START Material for the task

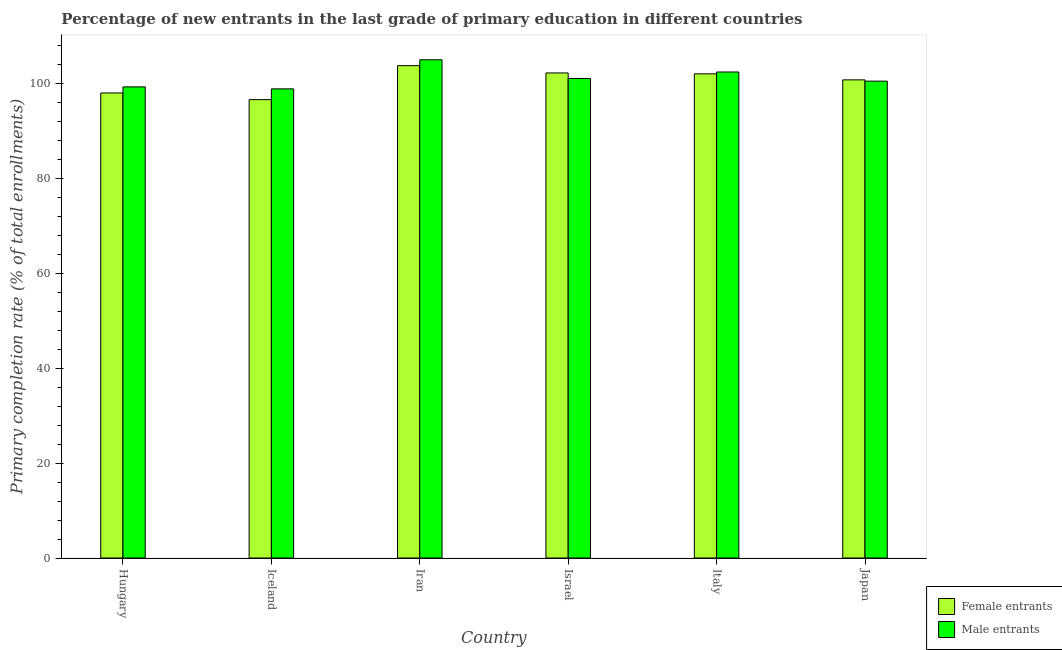How many different coloured bars are there?
Your answer should be compact. 2. How many groups of bars are there?
Make the answer very short. 6. Are the number of bars per tick equal to the number of legend labels?
Ensure brevity in your answer.  Yes. How many bars are there on the 4th tick from the right?
Your answer should be compact. 2. What is the label of the 1st group of bars from the left?
Provide a succinct answer. Hungary. What is the primary completion rate of male entrants in Iran?
Provide a succinct answer. 104.97. Across all countries, what is the maximum primary completion rate of male entrants?
Offer a terse response. 104.97. Across all countries, what is the minimum primary completion rate of male entrants?
Offer a very short reply. 98.84. In which country was the primary completion rate of female entrants maximum?
Provide a short and direct response. Iran. In which country was the primary completion rate of female entrants minimum?
Provide a short and direct response. Iceland. What is the total primary completion rate of male entrants in the graph?
Make the answer very short. 606.97. What is the difference between the primary completion rate of female entrants in Hungary and that in Iran?
Make the answer very short. -5.76. What is the difference between the primary completion rate of male entrants in Iran and the primary completion rate of female entrants in Hungary?
Keep it short and to the point. 6.99. What is the average primary completion rate of male entrants per country?
Make the answer very short. 101.16. What is the difference between the primary completion rate of male entrants and primary completion rate of female entrants in Japan?
Keep it short and to the point. -0.27. In how many countries, is the primary completion rate of male entrants greater than 64 %?
Ensure brevity in your answer.  6. What is the ratio of the primary completion rate of female entrants in Israel to that in Japan?
Offer a very short reply. 1.01. What is the difference between the highest and the second highest primary completion rate of male entrants?
Ensure brevity in your answer.  2.57. What is the difference between the highest and the lowest primary completion rate of male entrants?
Your response must be concise. 6.13. In how many countries, is the primary completion rate of female entrants greater than the average primary completion rate of female entrants taken over all countries?
Offer a very short reply. 4. Is the sum of the primary completion rate of female entrants in Israel and Italy greater than the maximum primary completion rate of male entrants across all countries?
Provide a short and direct response. Yes. What does the 2nd bar from the left in Iran represents?
Ensure brevity in your answer.  Male entrants. What does the 1st bar from the right in Iran represents?
Ensure brevity in your answer.  Male entrants. Are all the bars in the graph horizontal?
Provide a short and direct response. No. What is the difference between two consecutive major ticks on the Y-axis?
Keep it short and to the point. 20. Are the values on the major ticks of Y-axis written in scientific E-notation?
Give a very brief answer. No. Does the graph contain grids?
Ensure brevity in your answer.  No. Where does the legend appear in the graph?
Ensure brevity in your answer.  Bottom right. How many legend labels are there?
Your answer should be compact. 2. How are the legend labels stacked?
Provide a short and direct response. Vertical. What is the title of the graph?
Your answer should be compact. Percentage of new entrants in the last grade of primary education in different countries. Does "% of GNI" appear as one of the legend labels in the graph?
Make the answer very short. No. What is the label or title of the X-axis?
Keep it short and to the point. Country. What is the label or title of the Y-axis?
Your answer should be very brief. Primary completion rate (% of total enrollments). What is the Primary completion rate (% of total enrollments) in Female entrants in Hungary?
Your response must be concise. 97.98. What is the Primary completion rate (% of total enrollments) of Male entrants in Hungary?
Your response must be concise. 99.26. What is the Primary completion rate (% of total enrollments) in Female entrants in Iceland?
Provide a succinct answer. 96.57. What is the Primary completion rate (% of total enrollments) in Male entrants in Iceland?
Make the answer very short. 98.84. What is the Primary completion rate (% of total enrollments) of Female entrants in Iran?
Your answer should be very brief. 103.74. What is the Primary completion rate (% of total enrollments) of Male entrants in Iran?
Make the answer very short. 104.97. What is the Primary completion rate (% of total enrollments) of Female entrants in Israel?
Provide a succinct answer. 102.19. What is the Primary completion rate (% of total enrollments) in Male entrants in Israel?
Provide a succinct answer. 101.03. What is the Primary completion rate (% of total enrollments) of Female entrants in Italy?
Provide a short and direct response. 102.01. What is the Primary completion rate (% of total enrollments) in Male entrants in Italy?
Offer a terse response. 102.4. What is the Primary completion rate (% of total enrollments) in Female entrants in Japan?
Offer a very short reply. 100.74. What is the Primary completion rate (% of total enrollments) in Male entrants in Japan?
Your answer should be very brief. 100.47. Across all countries, what is the maximum Primary completion rate (% of total enrollments) in Female entrants?
Ensure brevity in your answer.  103.74. Across all countries, what is the maximum Primary completion rate (% of total enrollments) in Male entrants?
Provide a succinct answer. 104.97. Across all countries, what is the minimum Primary completion rate (% of total enrollments) in Female entrants?
Provide a short and direct response. 96.57. Across all countries, what is the minimum Primary completion rate (% of total enrollments) of Male entrants?
Keep it short and to the point. 98.84. What is the total Primary completion rate (% of total enrollments) of Female entrants in the graph?
Offer a terse response. 603.23. What is the total Primary completion rate (% of total enrollments) in Male entrants in the graph?
Provide a short and direct response. 606.97. What is the difference between the Primary completion rate (% of total enrollments) of Female entrants in Hungary and that in Iceland?
Your answer should be compact. 1.4. What is the difference between the Primary completion rate (% of total enrollments) in Male entrants in Hungary and that in Iceland?
Ensure brevity in your answer.  0.42. What is the difference between the Primary completion rate (% of total enrollments) in Female entrants in Hungary and that in Iran?
Your answer should be compact. -5.76. What is the difference between the Primary completion rate (% of total enrollments) in Male entrants in Hungary and that in Iran?
Offer a terse response. -5.71. What is the difference between the Primary completion rate (% of total enrollments) in Female entrants in Hungary and that in Israel?
Give a very brief answer. -4.22. What is the difference between the Primary completion rate (% of total enrollments) in Male entrants in Hungary and that in Israel?
Offer a terse response. -1.77. What is the difference between the Primary completion rate (% of total enrollments) in Female entrants in Hungary and that in Italy?
Give a very brief answer. -4.03. What is the difference between the Primary completion rate (% of total enrollments) of Male entrants in Hungary and that in Italy?
Keep it short and to the point. -3.14. What is the difference between the Primary completion rate (% of total enrollments) of Female entrants in Hungary and that in Japan?
Your response must be concise. -2.76. What is the difference between the Primary completion rate (% of total enrollments) in Male entrants in Hungary and that in Japan?
Offer a terse response. -1.21. What is the difference between the Primary completion rate (% of total enrollments) of Female entrants in Iceland and that in Iran?
Your answer should be very brief. -7.16. What is the difference between the Primary completion rate (% of total enrollments) in Male entrants in Iceland and that in Iran?
Your answer should be very brief. -6.13. What is the difference between the Primary completion rate (% of total enrollments) in Female entrants in Iceland and that in Israel?
Ensure brevity in your answer.  -5.62. What is the difference between the Primary completion rate (% of total enrollments) in Male entrants in Iceland and that in Israel?
Offer a very short reply. -2.19. What is the difference between the Primary completion rate (% of total enrollments) of Female entrants in Iceland and that in Italy?
Ensure brevity in your answer.  -5.43. What is the difference between the Primary completion rate (% of total enrollments) in Male entrants in Iceland and that in Italy?
Offer a terse response. -3.55. What is the difference between the Primary completion rate (% of total enrollments) in Female entrants in Iceland and that in Japan?
Ensure brevity in your answer.  -4.17. What is the difference between the Primary completion rate (% of total enrollments) of Male entrants in Iceland and that in Japan?
Ensure brevity in your answer.  -1.62. What is the difference between the Primary completion rate (% of total enrollments) in Female entrants in Iran and that in Israel?
Keep it short and to the point. 1.54. What is the difference between the Primary completion rate (% of total enrollments) in Male entrants in Iran and that in Israel?
Offer a very short reply. 3.94. What is the difference between the Primary completion rate (% of total enrollments) in Female entrants in Iran and that in Italy?
Offer a terse response. 1.73. What is the difference between the Primary completion rate (% of total enrollments) of Male entrants in Iran and that in Italy?
Make the answer very short. 2.57. What is the difference between the Primary completion rate (% of total enrollments) in Female entrants in Iran and that in Japan?
Your answer should be very brief. 3. What is the difference between the Primary completion rate (% of total enrollments) in Male entrants in Iran and that in Japan?
Your answer should be very brief. 4.5. What is the difference between the Primary completion rate (% of total enrollments) in Female entrants in Israel and that in Italy?
Ensure brevity in your answer.  0.19. What is the difference between the Primary completion rate (% of total enrollments) of Male entrants in Israel and that in Italy?
Ensure brevity in your answer.  -1.37. What is the difference between the Primary completion rate (% of total enrollments) in Female entrants in Israel and that in Japan?
Provide a short and direct response. 1.45. What is the difference between the Primary completion rate (% of total enrollments) of Male entrants in Israel and that in Japan?
Provide a succinct answer. 0.56. What is the difference between the Primary completion rate (% of total enrollments) of Female entrants in Italy and that in Japan?
Provide a succinct answer. 1.27. What is the difference between the Primary completion rate (% of total enrollments) in Male entrants in Italy and that in Japan?
Your answer should be very brief. 1.93. What is the difference between the Primary completion rate (% of total enrollments) in Female entrants in Hungary and the Primary completion rate (% of total enrollments) in Male entrants in Iceland?
Your answer should be very brief. -0.87. What is the difference between the Primary completion rate (% of total enrollments) in Female entrants in Hungary and the Primary completion rate (% of total enrollments) in Male entrants in Iran?
Provide a succinct answer. -6.99. What is the difference between the Primary completion rate (% of total enrollments) in Female entrants in Hungary and the Primary completion rate (% of total enrollments) in Male entrants in Israel?
Provide a succinct answer. -3.05. What is the difference between the Primary completion rate (% of total enrollments) of Female entrants in Hungary and the Primary completion rate (% of total enrollments) of Male entrants in Italy?
Provide a short and direct response. -4.42. What is the difference between the Primary completion rate (% of total enrollments) of Female entrants in Hungary and the Primary completion rate (% of total enrollments) of Male entrants in Japan?
Offer a very short reply. -2.49. What is the difference between the Primary completion rate (% of total enrollments) in Female entrants in Iceland and the Primary completion rate (% of total enrollments) in Male entrants in Iran?
Offer a very short reply. -8.39. What is the difference between the Primary completion rate (% of total enrollments) of Female entrants in Iceland and the Primary completion rate (% of total enrollments) of Male entrants in Israel?
Offer a terse response. -4.46. What is the difference between the Primary completion rate (% of total enrollments) in Female entrants in Iceland and the Primary completion rate (% of total enrollments) in Male entrants in Italy?
Give a very brief answer. -5.82. What is the difference between the Primary completion rate (% of total enrollments) in Female entrants in Iceland and the Primary completion rate (% of total enrollments) in Male entrants in Japan?
Provide a succinct answer. -3.89. What is the difference between the Primary completion rate (% of total enrollments) in Female entrants in Iran and the Primary completion rate (% of total enrollments) in Male entrants in Israel?
Your answer should be very brief. 2.71. What is the difference between the Primary completion rate (% of total enrollments) of Female entrants in Iran and the Primary completion rate (% of total enrollments) of Male entrants in Italy?
Make the answer very short. 1.34. What is the difference between the Primary completion rate (% of total enrollments) of Female entrants in Iran and the Primary completion rate (% of total enrollments) of Male entrants in Japan?
Provide a succinct answer. 3.27. What is the difference between the Primary completion rate (% of total enrollments) of Female entrants in Israel and the Primary completion rate (% of total enrollments) of Male entrants in Italy?
Your answer should be very brief. -0.2. What is the difference between the Primary completion rate (% of total enrollments) in Female entrants in Israel and the Primary completion rate (% of total enrollments) in Male entrants in Japan?
Offer a very short reply. 1.73. What is the difference between the Primary completion rate (% of total enrollments) of Female entrants in Italy and the Primary completion rate (% of total enrollments) of Male entrants in Japan?
Provide a succinct answer. 1.54. What is the average Primary completion rate (% of total enrollments) of Female entrants per country?
Your answer should be compact. 100.54. What is the average Primary completion rate (% of total enrollments) in Male entrants per country?
Provide a short and direct response. 101.16. What is the difference between the Primary completion rate (% of total enrollments) of Female entrants and Primary completion rate (% of total enrollments) of Male entrants in Hungary?
Give a very brief answer. -1.28. What is the difference between the Primary completion rate (% of total enrollments) of Female entrants and Primary completion rate (% of total enrollments) of Male entrants in Iceland?
Offer a very short reply. -2.27. What is the difference between the Primary completion rate (% of total enrollments) of Female entrants and Primary completion rate (% of total enrollments) of Male entrants in Iran?
Your answer should be compact. -1.23. What is the difference between the Primary completion rate (% of total enrollments) of Female entrants and Primary completion rate (% of total enrollments) of Male entrants in Israel?
Offer a very short reply. 1.16. What is the difference between the Primary completion rate (% of total enrollments) of Female entrants and Primary completion rate (% of total enrollments) of Male entrants in Italy?
Provide a succinct answer. -0.39. What is the difference between the Primary completion rate (% of total enrollments) of Female entrants and Primary completion rate (% of total enrollments) of Male entrants in Japan?
Offer a terse response. 0.27. What is the ratio of the Primary completion rate (% of total enrollments) in Female entrants in Hungary to that in Iceland?
Provide a short and direct response. 1.01. What is the ratio of the Primary completion rate (% of total enrollments) of Female entrants in Hungary to that in Iran?
Your response must be concise. 0.94. What is the ratio of the Primary completion rate (% of total enrollments) in Male entrants in Hungary to that in Iran?
Offer a terse response. 0.95. What is the ratio of the Primary completion rate (% of total enrollments) in Female entrants in Hungary to that in Israel?
Offer a very short reply. 0.96. What is the ratio of the Primary completion rate (% of total enrollments) in Male entrants in Hungary to that in Israel?
Your answer should be very brief. 0.98. What is the ratio of the Primary completion rate (% of total enrollments) in Female entrants in Hungary to that in Italy?
Your response must be concise. 0.96. What is the ratio of the Primary completion rate (% of total enrollments) of Male entrants in Hungary to that in Italy?
Give a very brief answer. 0.97. What is the ratio of the Primary completion rate (% of total enrollments) in Female entrants in Hungary to that in Japan?
Provide a succinct answer. 0.97. What is the ratio of the Primary completion rate (% of total enrollments) in Female entrants in Iceland to that in Iran?
Offer a terse response. 0.93. What is the ratio of the Primary completion rate (% of total enrollments) of Male entrants in Iceland to that in Iran?
Offer a terse response. 0.94. What is the ratio of the Primary completion rate (% of total enrollments) in Female entrants in Iceland to that in Israel?
Ensure brevity in your answer.  0.94. What is the ratio of the Primary completion rate (% of total enrollments) in Male entrants in Iceland to that in Israel?
Offer a very short reply. 0.98. What is the ratio of the Primary completion rate (% of total enrollments) of Female entrants in Iceland to that in Italy?
Your answer should be very brief. 0.95. What is the ratio of the Primary completion rate (% of total enrollments) of Male entrants in Iceland to that in Italy?
Provide a succinct answer. 0.97. What is the ratio of the Primary completion rate (% of total enrollments) of Female entrants in Iceland to that in Japan?
Your response must be concise. 0.96. What is the ratio of the Primary completion rate (% of total enrollments) in Male entrants in Iceland to that in Japan?
Provide a short and direct response. 0.98. What is the ratio of the Primary completion rate (% of total enrollments) of Female entrants in Iran to that in Israel?
Make the answer very short. 1.02. What is the ratio of the Primary completion rate (% of total enrollments) of Male entrants in Iran to that in Israel?
Make the answer very short. 1.04. What is the ratio of the Primary completion rate (% of total enrollments) in Female entrants in Iran to that in Italy?
Offer a very short reply. 1.02. What is the ratio of the Primary completion rate (% of total enrollments) in Male entrants in Iran to that in Italy?
Ensure brevity in your answer.  1.03. What is the ratio of the Primary completion rate (% of total enrollments) in Female entrants in Iran to that in Japan?
Make the answer very short. 1.03. What is the ratio of the Primary completion rate (% of total enrollments) in Male entrants in Iran to that in Japan?
Offer a terse response. 1.04. What is the ratio of the Primary completion rate (% of total enrollments) in Male entrants in Israel to that in Italy?
Make the answer very short. 0.99. What is the ratio of the Primary completion rate (% of total enrollments) in Female entrants in Israel to that in Japan?
Offer a very short reply. 1.01. What is the ratio of the Primary completion rate (% of total enrollments) in Male entrants in Israel to that in Japan?
Your answer should be very brief. 1.01. What is the ratio of the Primary completion rate (% of total enrollments) of Female entrants in Italy to that in Japan?
Your answer should be compact. 1.01. What is the ratio of the Primary completion rate (% of total enrollments) of Male entrants in Italy to that in Japan?
Give a very brief answer. 1.02. What is the difference between the highest and the second highest Primary completion rate (% of total enrollments) in Female entrants?
Your response must be concise. 1.54. What is the difference between the highest and the second highest Primary completion rate (% of total enrollments) of Male entrants?
Provide a short and direct response. 2.57. What is the difference between the highest and the lowest Primary completion rate (% of total enrollments) of Female entrants?
Your response must be concise. 7.16. What is the difference between the highest and the lowest Primary completion rate (% of total enrollments) in Male entrants?
Keep it short and to the point. 6.13.

END Material for the task

**Exercise instructions**
Provide the number of lines above in which the word "Keep" appears, with no further words.

**Answer section**
8